Composer: Charles Avison, Brian Chapple, George Frideric Handel, James Kent, Thomas Linley, Felix Mendelssohn, Wolfgang Amadeus Mozart, Samuel Webbe the older, Samuel Webbe the younger
Performer: David McFerrin, Emily Marvosh, Douglas Dodson, Jonas Budris, Woodrow Bynam, Ian Watson, Guy Fishman, Stefan Reed, Sonja DuToit Tengblad, Margot Rood
Orchestra: Handel and Haydn Society
Conductor: Harry Christophers
Format: FLAC (tracks)
Label: Coro
Catalogue: COR16145
Release: 2016
Size: 1.09 GB
Recovery: +3%
Scan: yes

01. Kent: Hear My Pray’r, O God
02. Linley: Bow down Thine ear, O Lord
03. Avison: Sound the loud timbrel
04. Chapple: I Waited Patiently for the Lord
05. Webbe the younger: When Winds Breathe Soft in E-Flat Major
06. Chapple: It is a Good Thing to Give Thanks Unto the Lord
07. anon.: Hark!

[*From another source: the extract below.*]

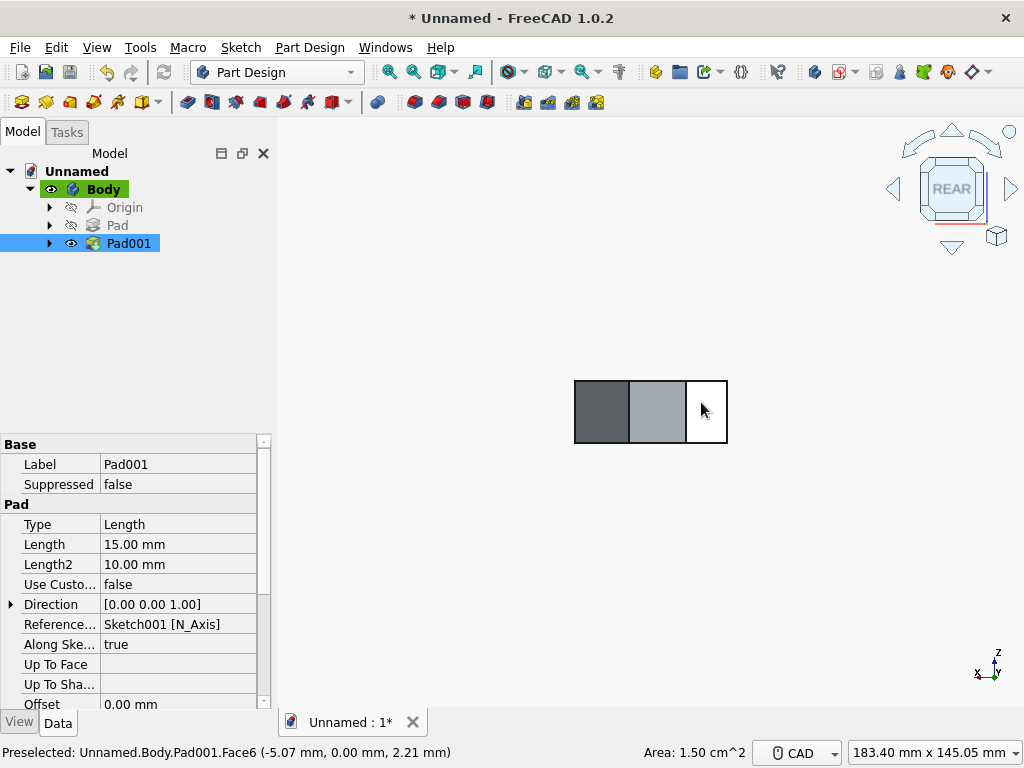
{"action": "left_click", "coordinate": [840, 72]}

The Vesper Hymn is Stealing
08. Handel: Messiah, HWV 56: No. 31, He Was Cut Off – No. 32, But Thou Didst Not Leave – No. 33, Lift Up Your Heads
09. Chapple: O Come, Let us Sing Unto the Lord
10. Mozart: Almighty God When Round Thy Shrine (Adapted from “O Isis und Osiris” from “The Magic Flute, K. 620)

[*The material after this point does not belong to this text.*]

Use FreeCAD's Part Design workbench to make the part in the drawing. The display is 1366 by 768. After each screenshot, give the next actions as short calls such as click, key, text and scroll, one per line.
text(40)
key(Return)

11. Kent: 12 Anthems: No. 12, Who is This That Cometh from Edom?
12. Handel: Israel in Egypt, HWV 54: No. 17, Moses and the Children of Israel – No. 35, The Lord Shall Reign – No. 36, For the Horse of Pharaoh – No. 38, And Miriam, the Prophetess – No. 39, Sing Ye to the Lord
13. Mendelssohn: Peace I Leave with You, WoO 5

Whilst the names James Kent, Charles Avison or Samuel Webbe may not be familiar to today’s listeners, 200 years ago these composers and their works were prized for their singability, their musical evocations of the text, and their beautiful sonorities. Rarely recorded, and some works never before recorded, The Old Colony Collection contains a diverse array of compositions that were sung on both sides of the Atlantic and includes anthems and ‘glees’ as well as selections from Handel’s oratorios, and arrangements of works by Mozart. The selection of works chosen for this recording features some of the finest examples from this fabulous and extensive anthology.

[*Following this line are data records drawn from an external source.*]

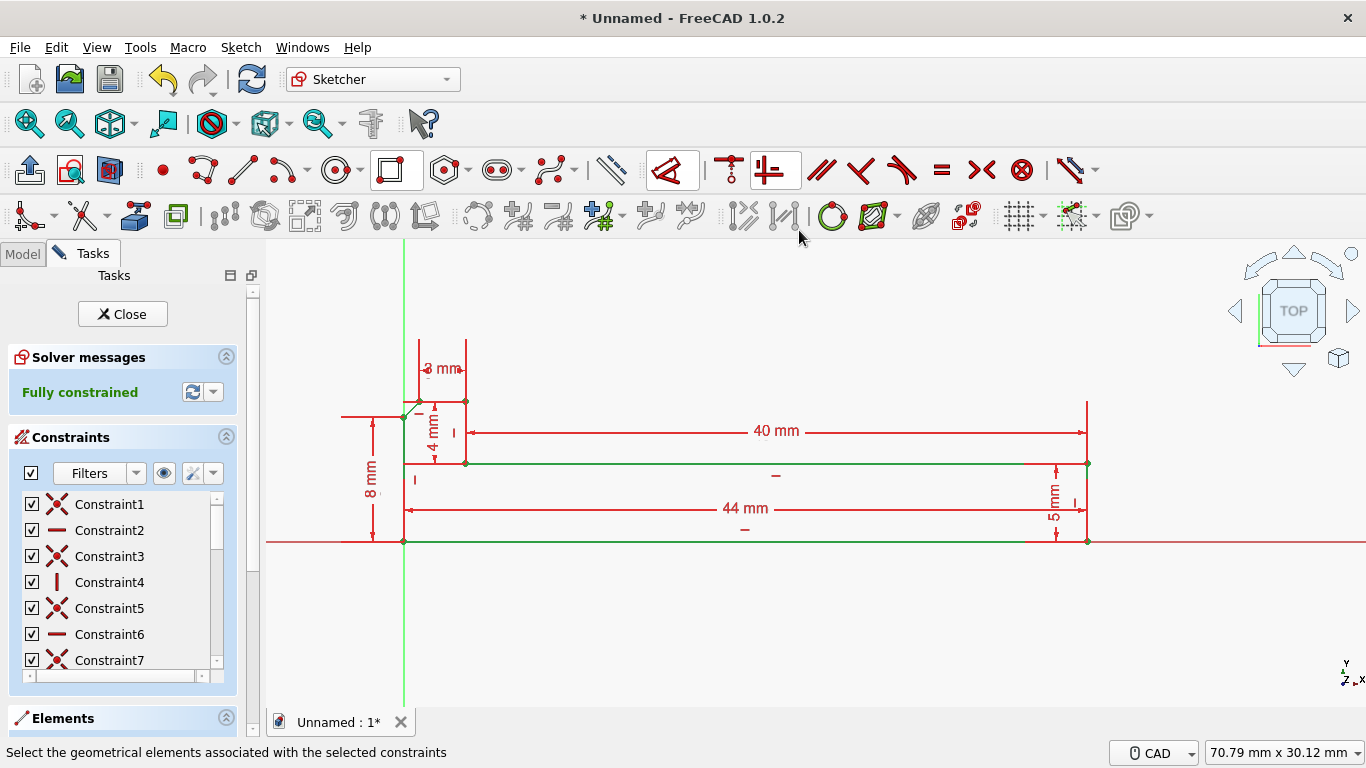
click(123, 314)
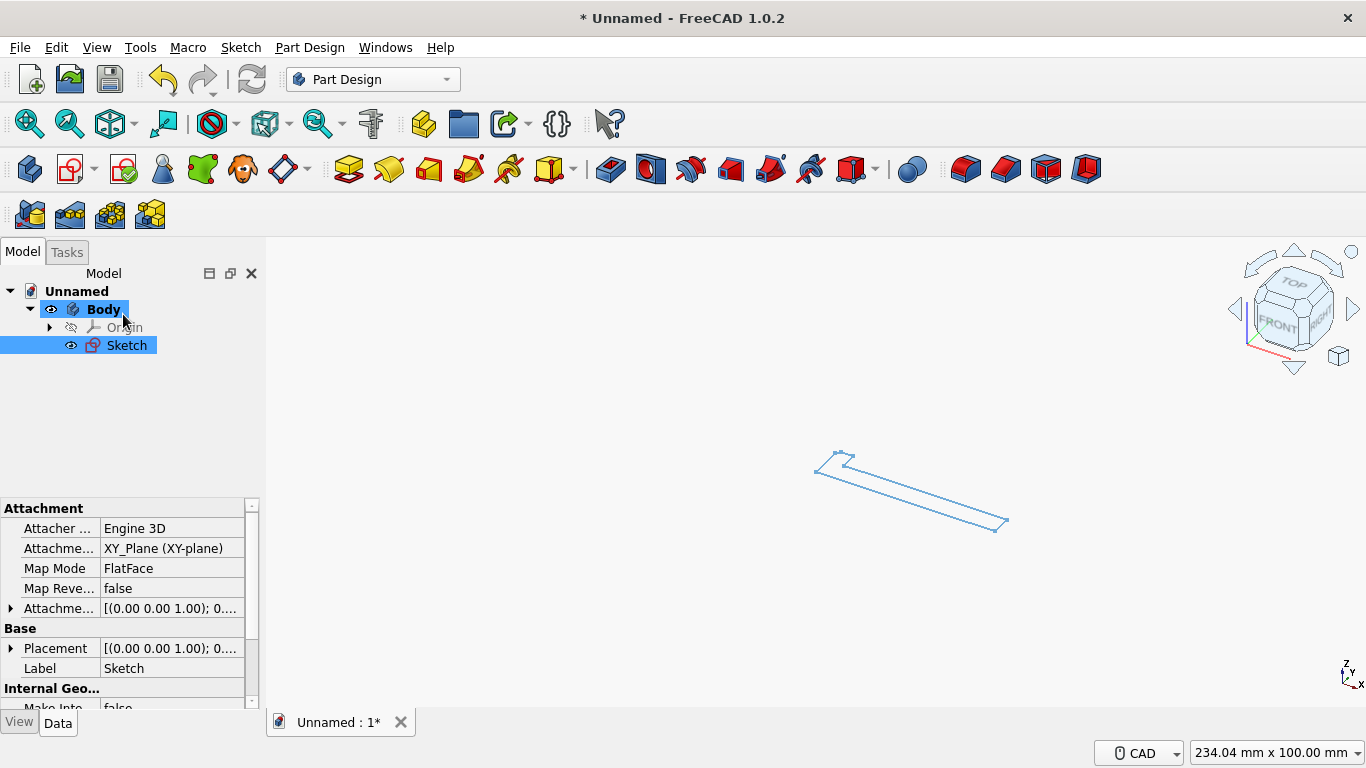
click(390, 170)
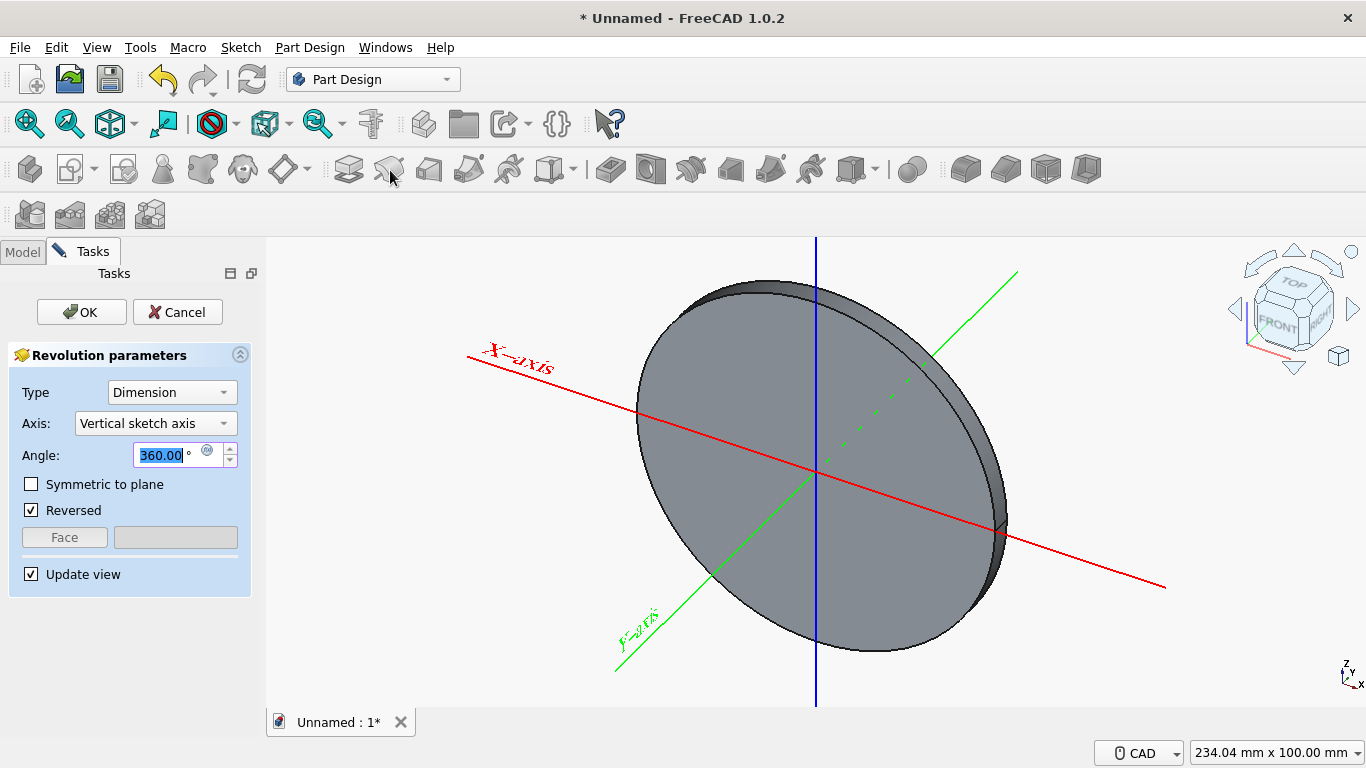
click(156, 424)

The installation of The Sixteen conductor Harry Christophers as artistic director of Boston’s Handel and Haydn Society has had happy results, never more so than on this collection that unearths all-but-unknown music perfectly suited to the choir’s style. Histories of American music will tell you about the conflict between the proper hymn style of Lowell Mason and the rougher homegrown polyphony of William Billings and his compatriots, but this ignores the fact that well into the 19th century a large majority of choral music performed in America would have come from England. Presented here are selections from a choral music publication called The Old Colony Collection, issued by the Old Colony Music Society of Plymouth, Massachusetts. Just as it has here, the Handel and Haydn Society was interested in this publication and in 1815 purchased copies of it for use in performances. The music anthologized is all from England and includes three types: religious verse anthems, secular counterparts to these called glees (from which the term “glee club” is derived) that are, as the felicitous booklet notes put it, “not overly challenging or overly simple,” and adaptations of oratorio and operatic selections. The last of these brings in works by both Handel and Haydn, but it’s the original music that’s most interesting. With the possible exception of Charles Avison, the composers have all been completely forgotten, but in the early 19th century they would have been familiar to both English and American listeners. They’re charming, with sensitive text-setting knitted together into simple ternary or verse structures. The small choir, accompanied by cello and organ, is perfectly suited, and Christophers coaxes sensitivity to the vocal line out of the singers. For a taste, try Samuel Webbe’s gentle and not unsubtle When winds breathe soft, with its text by the composer himself (although, you will learn, he claimed that he had found it “on a piece of paper wrapped around some trifling article procured at a chandler’s shop”). The music here is guaranteed to please, and it is to be hoped that the recording will lead to the reintroduction of some of this music into the American choral repertory. Idiomatic sound from the Church of the Redeemer in the Boston suburb of Chestnut Hill is the icing on the cake.